Learning Long Range Spatio-Temporal Representations over Continuous Time Dynamic Graphs with State Space Models

Continuous-time dynamic graphs (CTDGs) provide a richer framework to capture fine-grained temporal patterns in evolving relational data. Long-range information propagation is a key challenge while learning representations, wherein it is important to retain and update information over long temporal horizons. Existing approaches restrict models to capture one-hop or local temporal neighborhoods and fail to capture multi-hop or global structural patterns. To mitigate this, we derive a parameter-efficient state-space modeling framework for continuous-time dynamic graphs $\texttt{(CTDG-SSM)}$ from first principles. We first introduce continuous-time Topology-Aware higher order polynomial projection operator ($\texttt{CTT-HiPPO}$), a novel memory-based reformulation of $\texttt{HiPPO}$ to jointly encode temporal dynamics and graph structure.

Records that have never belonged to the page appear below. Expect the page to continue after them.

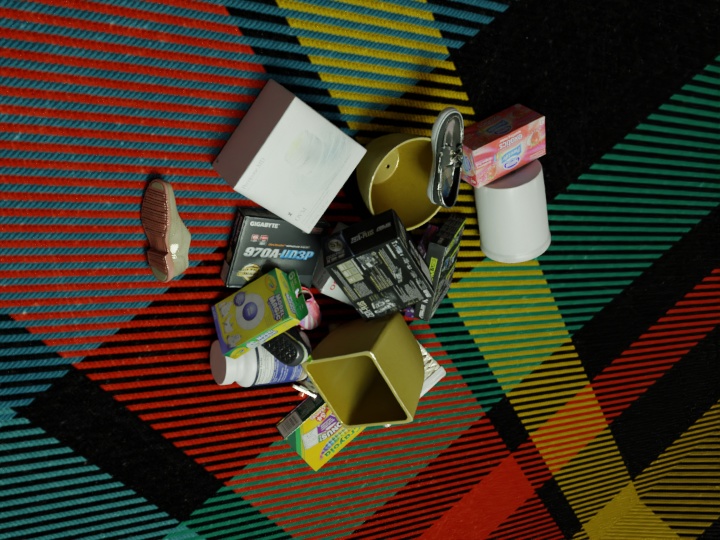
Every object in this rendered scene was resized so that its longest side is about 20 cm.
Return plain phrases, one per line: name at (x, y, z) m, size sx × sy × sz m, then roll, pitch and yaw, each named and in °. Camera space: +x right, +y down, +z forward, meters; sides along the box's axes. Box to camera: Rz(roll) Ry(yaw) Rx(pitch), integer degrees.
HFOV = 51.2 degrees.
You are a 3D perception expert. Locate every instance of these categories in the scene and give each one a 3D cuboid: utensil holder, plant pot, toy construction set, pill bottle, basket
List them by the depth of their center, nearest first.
plant pot at (0.070, -0.202, 1.545) m, size 0.199 × 0.142 × 0.201 m, roll -17°, pitch 127°, yaw -24°
pill bottle at (-0.215, 0.189, 1.619) m, size 0.199 × 0.116 × 0.116 m, roll -2°, pitch 119°, yaw -32°
plant pot at (0.028, 0.197, 1.638) m, size 0.196 × 0.193 × 0.200 m, roll 58°, pitch 40°, yaw -22°
toy construction set at (-0.068, 0.226, 1.750) m, size 0.131 × 0.092 × 0.201 m, roll 28°, pitch 101°, yaw -31°
utensil holder at (0.352, -0.148, 1.751) m, size 0.169 × 0.170 × 0.201 m, roll -27°, pitch 127°, yaw -17°
basket at (0.082, 0.259, 1.820) m, size 0.200 × 0.136 × 0.124 m, roll -41°, pitch 100°, yaw -11°

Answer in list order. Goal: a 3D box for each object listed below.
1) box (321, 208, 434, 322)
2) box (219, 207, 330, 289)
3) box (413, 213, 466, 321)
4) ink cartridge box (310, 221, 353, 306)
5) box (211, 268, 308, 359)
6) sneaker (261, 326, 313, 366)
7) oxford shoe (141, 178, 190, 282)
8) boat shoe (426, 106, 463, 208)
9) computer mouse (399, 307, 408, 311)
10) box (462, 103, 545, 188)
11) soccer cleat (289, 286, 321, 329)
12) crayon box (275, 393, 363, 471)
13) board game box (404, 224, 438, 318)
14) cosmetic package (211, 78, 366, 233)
box at (0.038, -0.006, 1.526) m, size 0.163 × 0.086 × 0.200 m, roll -23°, pitch 135°, yaw 15°
box at (-0.176, -0.041, 1.547) m, size 0.199 × 0.046 × 0.160 m, roll 4°, pitch 116°, yaw -35°
box at (0.184, -0.009, 1.732) m, size 0.200 × 0.047 × 0.194 m, roll -49°, pitch 150°, yaw -58°
ink cartridge box at (0.000, 0.000, 1.664) m, size 0.199 × 0.083 × 0.146 m, roll 26°, pitch 102°, yaw -42°
box at (-0.201, 0.082, 1.507) m, size 0.199 × 0.118 × 0.048 m, roll -29°, pitch 151°, yaw 17°
sneaker at (-0.180, 0.129, 1.578) m, size 0.072 × 0.200 × 0.083 m, roll -49°, pitch 163°, yaw 17°
oxford shoe at (-0.358, -0.081, 1.403) m, size 0.074 × 0.071 × 0.201 m, roll -30°, pitch 135°, yaw -48°
boat shoe at (0.176, -0.217, 1.471) m, size 0.068 × 0.057 × 0.201 m, roll -13°, pitch 124°, yaw -27°
computer mouse at (0.057, 0.102, 1.742) m, size 0.058 × 0.034 × 0.200 m, roll -14°, pitch 161°, yaw -45°
box at (0.310, -0.281, 1.686) m, size 0.199 × 0.095 × 0.103 m, roll -27°, pitch 130°, yaw -17°
soccer cleat at (-0.120, 0.076, 1.611) m, size 0.076 × 0.067 × 0.200 m, roll -27°, pitch 153°, yaw 14°
crayon box at (-0.084, 0.378, 1.861) m, size 0.200 × 0.058 × 0.173 m, roll -40°, pitch 132°, yaw -7°
board game box at (0.139, 0.005, 1.721) m, size 0.201 × 0.032 × 0.120 m, roll 92°, pitch 17°, yaw -50°
cosmetic package at (-0.133, -0.213, 1.419) m, size 0.200 × 0.123 × 0.200 m, roll 30°, pitch 99°, yaw -40°

The solution from $\texttt{CTT-HiPPO}$ are obtained by projecting the classical HiPPO solution through a polynomial of the Laplacian matrix, yielding topology-aware memory updates that admit an equivalent state-space formulation for CTDGs ($\texttt{CTDG-SSM}$). Then a computationally efficient discrete formulation is obtained using the zero-order hold approach for model implementation. Across benchmarks on dynamic link prediction, dynamic node classification, and sequence classification, $\texttt{CTDG-SSM}$ achieves state-of-the-art performance. Notably, it achieves large performance gains on datasets that require long range temporal (LRT) and spatial reasoning.